Tawa renyah melesat dari bibir seksi sang senior bermarga pelangi. Mendekap selusin kertas kerja, pemuda bersurai hitam itu berniat hengkang. "Kalau begitu aku duluan, Kuroko-kun."
"Nijimura-senpai tidak mau menengok Akashi-kun dulu?"
"Untuk apa? Kan sudah ada kau di sisinya." Satu mata dikedip dalam kode. Nijimura menyempatkan diri untuk memberikan usapan rancu di atas kepala Tetsuya. Dahi milik pemuda yang lebih tua lantas dihiasi kerutan saat menyadari betapa lepek surai biru di bawah telapaknya. "Kuroko-kun kau basah kuyub. Kau baik-baik saja? Bibirmu sedikit membiru..."
Tetsuya menjilat bibirnya yang agak kaku. "Tidak apa-apa. Ini hanya dingin. Nanti hilang sendiri."
Sang wakil mengkerut khawatir. Masih belum puas merencoki Kuroko namun teringat dia sendiri masih memiliki jatah kerjanya yang terbengkalai. Dengan raut cemas, Nijimura berpamitan. Begitu ditinggal seorang diri, barulah Tetsuya sadar bahwa tubuhnya sudah menggigil semenjak tadi.
"Ternyata memang dingin..."
.
.
.
Tetsuya menjatuhkan ketukan singkat pada pintu bercat putih yang mengkilap. Tidak seperti tadi, kali ini ia benar-benar mengetuk ketika akan masuk. Untuk yang terakhir kali, Tetsuya enggan meninggalkan kesan buruk kepada Akashi.
"Akashi-kun, aku masuk." Gerendel platina didorong. Cahaya lampu dari belakang punggung Tetsuya menjadi penerangan tunggal di tengah temaramnya kamar. Gorden jendela diturunkan meski sinar matahari sudah tersembunyi dari balik lindungan awan. Tetsuya berjalan sambil meraba sakelar lampu.
"Akashi-kun, kau masih bangun? Ada sesuatu yang ingin kubicarakan—"
Kaki Tetsuya tersandung sesuatu. Bersama dengan itu sorot cahaya dari lampu besar di langit-langit menunjukan apa yang telah menubruk langkahnya. Tepat di bawah kakinya, di lantai, tengah tergolek Akashi Seijuurou yang bersandar lemas pada dinding.
"Akashi-kun?!" Tetsuya sontak menjatuhkan diri di sisi majikannya. Mengelus pipi pucat yang dibingkai surai merah cerah. Tidak mengerti apa yang dilakukan oleh sang kapten dengan keluar dari tempat tidurnya. Sepasang manik biru terbelalak saat mendapati apa yang tergeletak di samping Akashi.

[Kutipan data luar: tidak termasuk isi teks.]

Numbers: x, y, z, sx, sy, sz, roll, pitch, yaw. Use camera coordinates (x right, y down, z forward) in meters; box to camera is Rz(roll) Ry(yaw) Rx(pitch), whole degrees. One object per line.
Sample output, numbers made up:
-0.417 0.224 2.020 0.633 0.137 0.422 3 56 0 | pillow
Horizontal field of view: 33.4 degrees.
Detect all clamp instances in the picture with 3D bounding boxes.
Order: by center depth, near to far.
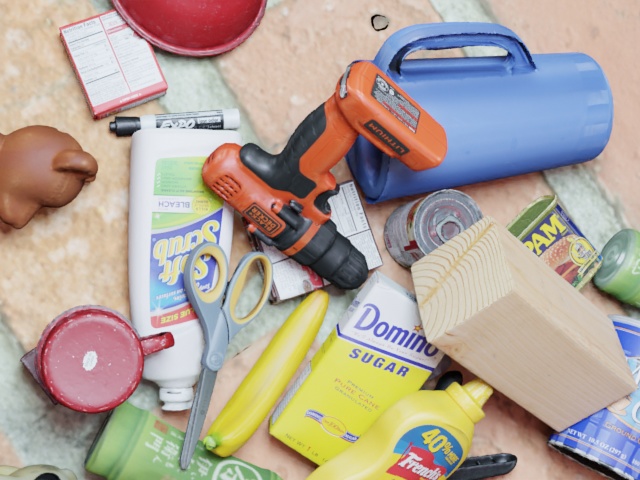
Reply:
0.106 0.221 1.017 0.171 0.039 0.120 -44 100 -3 | clamp

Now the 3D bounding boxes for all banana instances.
-0.048 0.129 0.970 0.037 0.070 0.197 36 55 -1 | banana

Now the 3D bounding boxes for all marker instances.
-0.136 -0.110 0.998 0.121 0.020 0.020 -5 87 -13 | marker

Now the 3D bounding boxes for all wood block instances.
0.183 0.079 0.953 0.091 0.090 0.205 -35 130 25 | wood block

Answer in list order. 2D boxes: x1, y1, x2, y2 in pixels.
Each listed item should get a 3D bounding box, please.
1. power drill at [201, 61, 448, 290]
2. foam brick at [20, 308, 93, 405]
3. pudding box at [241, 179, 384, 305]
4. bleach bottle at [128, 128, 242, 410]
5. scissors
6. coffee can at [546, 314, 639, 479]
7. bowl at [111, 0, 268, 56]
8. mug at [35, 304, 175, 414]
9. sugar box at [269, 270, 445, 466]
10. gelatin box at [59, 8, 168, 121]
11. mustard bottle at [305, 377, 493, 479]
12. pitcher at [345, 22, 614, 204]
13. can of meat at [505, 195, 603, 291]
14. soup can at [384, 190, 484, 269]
0.017 -0.049 0.910 0.184 0.188 0.057 38 36 -20 | power drill
-0.218 0.102 0.948 0.078 0.051 0.053 -38 95 -13 | foam brick
-0.007 0.001 1.009 0.113 0.039 0.090 -19 90 -15 | pudding box
-0.122 0.027 0.970 0.102 0.068 0.251 0 89 -19 | bleach bottle
-0.105 0.088 0.929 0.096 0.016 0.201 39 67 -27 | scissors
0.295 0.157 1.031 0.102 0.103 0.140 29 81 -9 | coffee can
-0.114 -0.254 0.978 0.161 0.055 0.162 5 77 -22 | bowl
-0.178 0.098 0.888 0.117 0.082 0.093 -11 89 -14 | mug
0.039 0.126 0.979 0.093 0.048 0.176 33 102 -8 | sugar box
-0.190 -0.165 0.984 0.073 0.030 0.089 -23 89 -13 | gelatin box
0.078 0.191 0.950 0.191 0.058 0.096 -41 125 -3 | mustard bottle
0.148 -0.121 1.001 0.242 0.149 0.145 -9 88 -16 | pitcher
0.216 0.020 1.047 0.102 0.057 0.084 -43 98 -11 | can of meat
0.105 -0.008 1.000 0.068 0.102 0.068 1 86 -12 | soup can

"Kau bangun untuk mengambilnya?!" Filecase merah yang menghilang ditemukan berada di tangan pemiliknya. Tetsuya geram. Benar-benar emosi mengetahui seberapa keras kepala majikannya itu kalau menyangkut tugas. Kumpulan berkas itu direnggut lalu dilempar semena-mena ke seberang ruangan.
"Akashi-kun apa kau ini bodoh? Sebenarnya apa maumu dengan memaksakan diri seperti ini?"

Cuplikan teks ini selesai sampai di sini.